══ SUPPLIED DATA
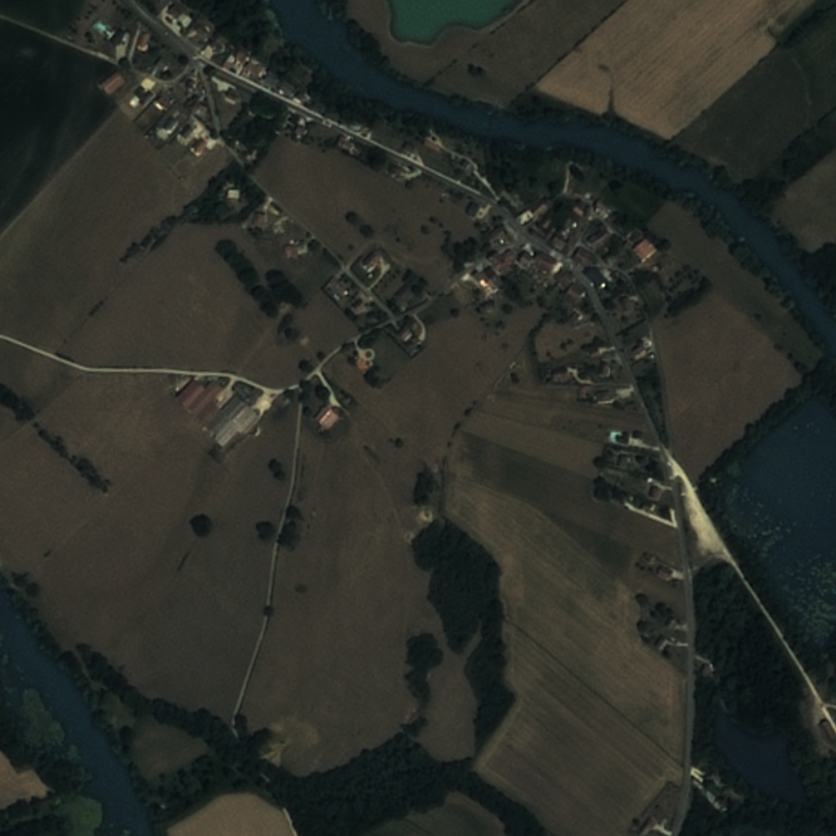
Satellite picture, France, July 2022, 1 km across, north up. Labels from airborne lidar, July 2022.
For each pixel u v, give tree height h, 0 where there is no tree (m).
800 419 0
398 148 0
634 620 0
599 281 0
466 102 7
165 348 0
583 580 0
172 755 0
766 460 0
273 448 0
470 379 0
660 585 0
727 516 8
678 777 0
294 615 0
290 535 12
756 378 0
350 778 14
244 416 0
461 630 8
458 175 7
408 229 0
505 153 15
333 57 0
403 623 0
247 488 0
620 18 0
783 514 0
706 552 0
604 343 7
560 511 0
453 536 7
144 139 0
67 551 0
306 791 20
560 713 0
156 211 0
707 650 14
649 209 0
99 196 0
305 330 0
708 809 11
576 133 0
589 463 0
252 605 0
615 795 0
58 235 0
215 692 0
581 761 0
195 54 0
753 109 0
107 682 18
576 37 0
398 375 0
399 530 0
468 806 0
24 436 0
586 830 0
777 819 29
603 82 0
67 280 0
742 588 15
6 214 0
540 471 0
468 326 0
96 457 0
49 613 0
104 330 0
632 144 0
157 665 0
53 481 0
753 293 0
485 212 0
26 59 0
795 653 14
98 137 0
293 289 16
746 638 10
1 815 12
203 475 0
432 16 0
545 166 0
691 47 0
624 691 0
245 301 0
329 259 6
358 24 15
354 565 0
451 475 0
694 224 0
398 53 0
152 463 0
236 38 6
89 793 0
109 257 0
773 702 21
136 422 0
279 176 0
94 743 0
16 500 0
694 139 0
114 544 0
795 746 14
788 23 0
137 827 0
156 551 0
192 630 0
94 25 0
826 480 0
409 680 9
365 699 0
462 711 0
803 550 0
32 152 0
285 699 0
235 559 0
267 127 15
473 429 0
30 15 0
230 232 0
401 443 9
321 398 13
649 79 0
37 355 0
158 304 0
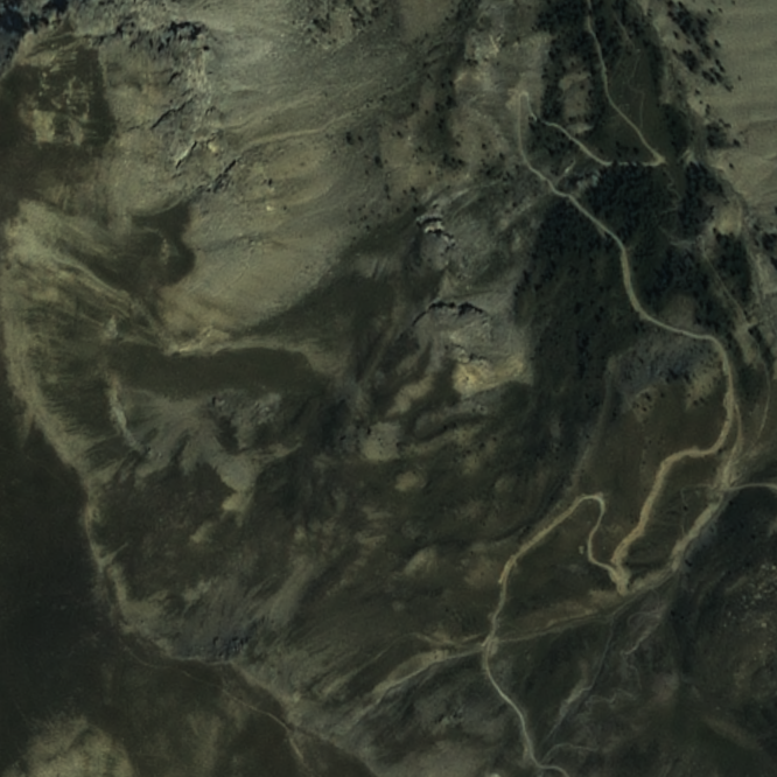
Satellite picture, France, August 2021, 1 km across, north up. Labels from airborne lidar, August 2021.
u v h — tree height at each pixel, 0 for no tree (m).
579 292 0
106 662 0
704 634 0
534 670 0
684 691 0
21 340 0
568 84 0
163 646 0
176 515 0
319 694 0
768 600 0
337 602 0
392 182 0
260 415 0
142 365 0
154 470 0
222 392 0
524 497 0
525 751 0
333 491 0
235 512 0
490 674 0
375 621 0
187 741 0
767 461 0
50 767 0
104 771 0
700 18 0
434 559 0
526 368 0
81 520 0
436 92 0
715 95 0
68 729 0
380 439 0
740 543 0
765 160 0
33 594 0
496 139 0
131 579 0
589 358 7
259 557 0
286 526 0
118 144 0
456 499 0
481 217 0
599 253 9
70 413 0
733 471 0
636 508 0
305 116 0
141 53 0
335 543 0
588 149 0
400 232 0
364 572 0
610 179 11
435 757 0
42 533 0
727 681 0
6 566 0
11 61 0
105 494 0
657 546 0
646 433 0
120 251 0
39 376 0
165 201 0
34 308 0
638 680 0
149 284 0
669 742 0
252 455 0
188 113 0
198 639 0
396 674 0
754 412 0
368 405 0
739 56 0
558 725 0
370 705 0
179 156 0
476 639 0
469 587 0
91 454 0
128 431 0
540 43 0
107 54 0
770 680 0
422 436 0
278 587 0
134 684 0
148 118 0
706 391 0
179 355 0
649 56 0
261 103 0
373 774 0
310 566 0
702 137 0
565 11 9
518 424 0
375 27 0
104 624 0
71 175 0
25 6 0
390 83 0
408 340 0
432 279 0
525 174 0
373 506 0
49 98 0
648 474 0
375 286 0
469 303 0
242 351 0
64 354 0
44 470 0
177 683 0
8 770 0
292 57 0
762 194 0
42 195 0
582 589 0
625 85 0
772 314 0
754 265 0
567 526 0
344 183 0
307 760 0
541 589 0
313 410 0
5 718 0
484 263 0
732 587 0
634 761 0
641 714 0
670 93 0
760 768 0
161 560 0
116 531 0
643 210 12
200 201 0
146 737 0
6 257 0
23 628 0
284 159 0
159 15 0
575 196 0
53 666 0
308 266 0
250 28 0
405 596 0
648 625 0
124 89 0
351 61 0
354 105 0
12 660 0
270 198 0
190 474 0
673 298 0
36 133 0
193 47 0
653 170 6
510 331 0
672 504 0
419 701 0
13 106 0
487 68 0
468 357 0
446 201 0
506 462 0
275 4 0
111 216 0
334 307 0
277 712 0
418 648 0
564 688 0
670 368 0
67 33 0
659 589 0
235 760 0
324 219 0
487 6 0
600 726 0
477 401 0
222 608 0
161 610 0
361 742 0
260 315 0
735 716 0
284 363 0
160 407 0
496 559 0
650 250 9
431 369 0
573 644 0
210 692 0
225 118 0
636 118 0
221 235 0
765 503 0
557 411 0
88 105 0
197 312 0
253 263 0
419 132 0
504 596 0
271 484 0
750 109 0
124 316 0
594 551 0
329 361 0
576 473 0
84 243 0
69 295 0
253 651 0
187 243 0
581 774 0
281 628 0
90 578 0
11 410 0
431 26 0
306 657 0
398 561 0
════
▶ _WORK REQUEST_: Skipping the pictures, output the entries exactly as they appear above.

▶ _RESULT_:
Satellite picture, France, July 2022, 1 km across, north up. Labels from airborne lidar, July 2022.
For each pixel u v, give tree height h, 0 where there is no tree (m).
800 419 0
398 148 0
634 620 0
599 281 0
466 102 7
165 348 0
583 580 0
172 755 0
766 460 0
273 448 0
470 379 0
660 585 0
727 516 8
678 777 0
294 615 0
290 535 12
756 378 0
350 778 14
244 416 0
461 630 8
458 175 7
408 229 0
505 153 15
333 57 0
403 623 0
247 488 0
620 18 0
783 514 0
706 552 0
604 343 7
560 511 0
453 536 7
144 139 0
67 551 0
306 791 20
560 713 0
156 211 0
707 650 14
649 209 0
99 196 0
305 330 0
708 809 11
576 133 0
589 463 0
252 605 0
615 795 0
58 235 0
215 692 0
581 761 0
195 54 0
753 109 0
107 682 18
576 37 0
398 375 0
399 530 0
468 806 0
24 436 0
586 830 0
777 819 29
603 82 0
67 280 0
742 588 15
6 214 0
540 471 0
468 326 0
96 457 0
49 613 0
104 330 0
632 144 0
157 665 0
53 481 0
753 293 0
485 212 0
26 59 0
795 653 14
98 137 0
293 289 16
746 638 10
1 815 12
203 475 0
432 16 0
545 166 0
691 47 0
624 691 0
245 301 0
329 259 6
358 24 15
354 565 0
451 475 0
694 224 0
398 53 0
152 463 0
236 38 6
89 793 0
109 257 0
773 702 21
136 422 0
279 176 0
94 743 0
16 500 0
694 139 0
114 544 0
795 746 14
788 23 0
137 827 0
156 551 0
192 630 0
94 25 0
826 480 0
409 680 9
365 699 0
462 711 0
803 550 0
32 152 0
285 699 0
235 559 0
267 127 15
473 429 0
30 15 0
230 232 0
401 443 9
321 398 13
649 79 0
37 355 0
158 304 0
Satellite picture, France, August 2021, 1 km across, north up. Labels from airborne lidar, August 2021.
u v h — tree height at each pixel, 0 for no tree (m).
579 292 0
106 662 0
704 634 0
534 670 0
684 691 0
21 340 0
568 84 0
163 646 0
176 515 0
319 694 0
768 600 0
337 602 0
392 182 0
260 415 0
142 365 0
154 470 0
222 392 0
524 497 0
525 751 0
333 491 0
235 512 0
490 674 0
375 621 0
187 741 0
767 461 0
50 767 0
104 771 0
700 18 0
434 559 0
526 368 0
81 520 0
436 92 0
715 95 0
68 729 0
380 439 0
740 543 0
765 160 0
33 594 0
496 139 0
131 579 0
589 358 7
259 557 0
286 526 0
118 144 0
456 499 0
481 217 0
599 253 9
70 413 0
733 471 0
636 508 0
305 116 0
141 53 0
335 543 0
588 149 0
400 232 0
364 572 0
610 179 11
435 757 0
42 533 0
727 681 0
6 566 0
11 61 0
105 494 0
657 546 0
646 433 0
120 251 0
39 376 0
165 201 0
34 308 0
638 680 0
149 284 0
669 742 0
252 455 0
188 113 0
198 639 0
396 674 0
754 412 0
368 405 0
739 56 0
558 725 0
370 705 0
179 156 0
476 639 0
469 587 0
91 454 0
128 431 0
540 43 0
107 54 0
770 680 0
422 436 0
278 587 0
134 684 0
148 118 0
706 391 0
179 355 0
649 56 0
261 103 0
373 774 0
310 566 0
702 137 0
565 11 9
518 424 0
375 27 0
104 624 0
71 175 0
25 6 0
390 83 0
408 340 0
432 279 0
525 174 0
373 506 0
49 98 0
648 474 0
375 286 0
469 303 0
242 351 0
64 354 0
44 470 0
177 683 0
8 770 0
292 57 0
762 194 0
42 195 0
582 589 0
625 85 0
772 314 0
754 265 0
567 526 0
344 183 0
307 760 0
541 589 0
313 410 0
5 718 0
484 263 0
732 587 0
634 761 0
641 714 0
670 93 0
760 768 0
161 560 0
116 531 0
643 210 12
200 201 0
146 737 0
6 257 0
23 628 0
284 159 0
159 15 0
575 196 0
53 666 0
308 266 0
250 28 0
405 596 0
648 625 0
124 89 0
351 61 0
354 105 0
12 660 0
270 198 0
190 474 0
673 298 0
36 133 0
193 47 0
653 170 6
510 331 0
672 504 0
419 701 0
13 106 0
487 68 0
468 357 0
446 201 0
506 462 0
275 4 0
111 216 0
334 307 0
277 712 0
418 648 0
564 688 0
670 368 0
67 33 0
659 589 0
235 760 0
324 219 0
487 6 0
600 726 0
477 401 0
222 608 0
161 610 0
361 742 0
260 315 0
735 716 0
284 363 0
160 407 0
496 559 0
650 250 9
431 369 0
573 644 0
210 692 0
225 118 0
636 118 0
221 235 0
765 503 0
557 411 0
88 105 0
197 312 0
253 263 0
419 132 0
504 596 0
271 484 0
750 109 0
124 316 0
594 551 0
329 361 0
576 473 0
84 243 0
69 295 0
253 651 0
187 243 0
581 774 0
281 628 0
90 578 0
11 410 0
431 26 0
306 657 0
398 561 0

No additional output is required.